To be clear: I don't advocate for managers monopolizing leadership. To the contrary, good managers build leaders around them. This is the value they add, and the role they fill is not absent in early-stage startups: it's the CTO who does it. Amongst the million other things they are responsible for. Is it so bad to offer them some help?

Why are we Adding when we should Subtract?
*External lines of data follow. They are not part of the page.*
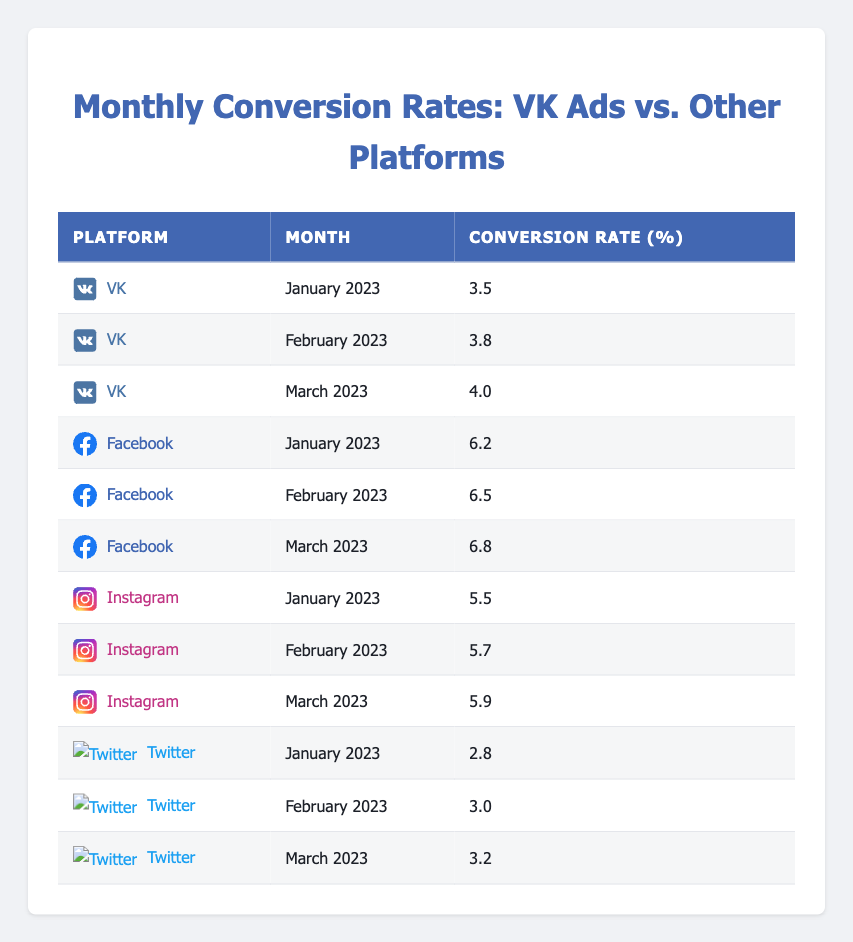What is the conversion rate for VK in February 2023? The table indicates that the conversion rate for VK in February 2023 is listed directly in the row for VK and February 2023, which shows 3.8%.
Answer: 3.8 Which platform had the highest conversion rate in January 2023? By comparing the conversion rates for all platforms in January 2023, we see that Facebook has the highest conversion rate of 6.2%, while VK, Instagram, and Twitter have lower rates.
Answer: Facebook What is the difference in conversion rates between Instagram and Twitter in March 2023? In March 2023, Instagram's conversion rate is 5.9%, and Twitter's is 3.2%. The difference is calculated by subtracting Twitter's rate from Instagram's: 5.9% - 3.2% = 2.7%.
Answer: 2.7 Is the conversion rate for VK in March 2023 greater than that for Twitter in the same month? In March 2023, VK's conversion rate is 4.0%, while Twitter's is 3.2%. Therefore, VK's rate is indeed higher than Twitter's.
Answer: Yes What is the average conversion rate for Facebook from January to March 2023? To find the average conversion rate for Facebook, we sum the conversion rates for January (6.2%), February (6.5%), and March (6.8%): 6.2% + 6.5% + 6.8% = 19.5%. Dividing by the number of months (3) gives us an average of 19.5% / 3 = 6.5%.
Answer: 6.5 Which platform had the lowest conversion rate across the three months? Looking through the data across all three months, we see that Twitter consistently has the lowest conversion rates: 2.8% in January, 3.0% in February, and 3.2% in March, making it the platform with the lowest rates overall.
Answer: Twitter Was there a month where VK's conversion rate exceeded 4%? Checking the conversion rates for VK, we see that it reached 4.0% in March 2023, which is equal to 4%, but it did not exceed it in the earlier months.
Answer: No What was the trend for VK's conversion rates over the three months? By examining VK's conversion rates over January (3.5%), February (3.8%), and March (4.0%), we notice a consistent increase month over month.
Answer: Increasing 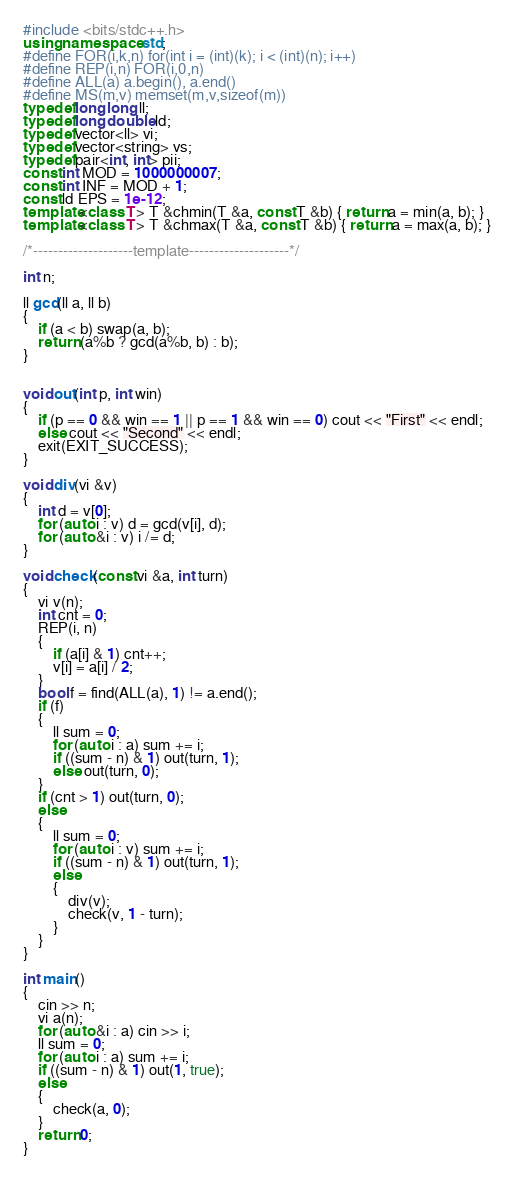<code> <loc_0><loc_0><loc_500><loc_500><_C++_>#include <bits/stdc++.h>
using namespace std;
#define FOR(i,k,n) for(int i = (int)(k); i < (int)(n); i++)
#define REP(i,n) FOR(i,0,n)
#define ALL(a) a.begin(), a.end()
#define MS(m,v) memset(m,v,sizeof(m))
typedef long long ll;
typedef long double ld;
typedef vector<ll> vi;
typedef vector<string> vs;
typedef pair<int, int> pii;
const int MOD = 1000000007;
const int INF = MOD + 1;
const ld EPS = 1e-12;
template<class T> T &chmin(T &a, const T &b) { return a = min(a, b); }
template<class T> T &chmax(T &a, const T &b) { return a = max(a, b); }

/*--------------------template--------------------*/

int n;

ll gcd(ll a, ll b)
{
	if (a < b) swap(a, b);
	return (a%b ? gcd(a%b, b) : b);
}


void out(int p, int win)
{
	if (p == 0 && win == 1 || p == 1 && win == 0) cout << "First" << endl;
	else cout << "Second" << endl;
	exit(EXIT_SUCCESS);
}

void div(vi &v)
{
	int d = v[0];
	for (auto i : v) d = gcd(v[i], d);
	for (auto &i : v) i /= d;
}

void check(const vi &a, int turn)
{
	vi v(n);
	int cnt = 0;
	REP(i, n)
	{
		if (a[i] & 1) cnt++;
		v[i] = a[i] / 2;
	}
	bool f = find(ALL(a), 1) != a.end();
	if (f)
	{
		ll sum = 0;
		for (auto i : a) sum += i;
		if ((sum - n) & 1) out(turn, 1);
		else out(turn, 0);
	}
	if (cnt > 1) out(turn, 0);
	else
	{
		ll sum = 0;
		for (auto i : v) sum += i;
		if ((sum - n) & 1) out(turn, 1);
		else
		{
			div(v);
			check(v, 1 - turn);
		}
	}
}

int main()
{
	cin >> n;
	vi a(n);
	for (auto &i : a) cin >> i;
	ll sum = 0;
	for (auto i : a) sum += i;
	if ((sum - n) & 1) out(1, true);
	else
	{
		check(a, 0);
	}
	return 0;
}</code>

Great piece of advice from Jenni Jepsen, from David Marquet's Leadership Nudges channel. She talks about how our biological wiring pushes us towards adding more, getting that reward of accomplishing something, ticking a checkbox, crossing out an item on our task list, etc. It made me think of two other things why we would be tempted to add instead of subtracting:

  • Saying "yes" to something is inherently easier than saying "no" because the risk of doing the wrong thing feels smaller than the risk of not doing the right thing. Adding stuff has better optics, too. Which team gets the praise usually, the one that juggles 100 different stuff and still starts a new project, or the other one that announces during quarterly planning that they are intending to remove a feature?
  • The temptation of trying to do more is even higher in the age of AI-assisted product development. Quick early wins give an illusion of progress that makes us push towards building more, instead of focusing on building the right thing.

The End of Scarcity

I had my entire career as a software engineer in an era when the differentiator between a good and bad developer was about craft. How much did someone learn, practice, and experience with the technical stack they had to work on?

With the advance of AI-assisted coding, this moat was filled, but another one emerged: taste. Those developers became successful who had the right judgment about what to build and how, regardless of who did the building itself. But taste, while harder than craft, is still learnable. As models get larger, and training data contains more specific good and bad examples, AI's taste will definitely improve too.

What's next then?

According to the author, it could be trust, ownership, responsibility, grit, accountability... the fact that the product is not a one-shot vibecoded Potemkin village that inevitably collapses in time. Interestingly, these all capture one thing: "I stand behind this thing." In short, the moat to great products is that, regardless of all the AI stuff, an accountable human is behind them.

By the way, if you look at where online media was heading towards in the last 5-10 years, you'll see something similar: next to the bloodbath of old media companies, individuals with distinct human voices, paid for by their audience, are popping up left and right.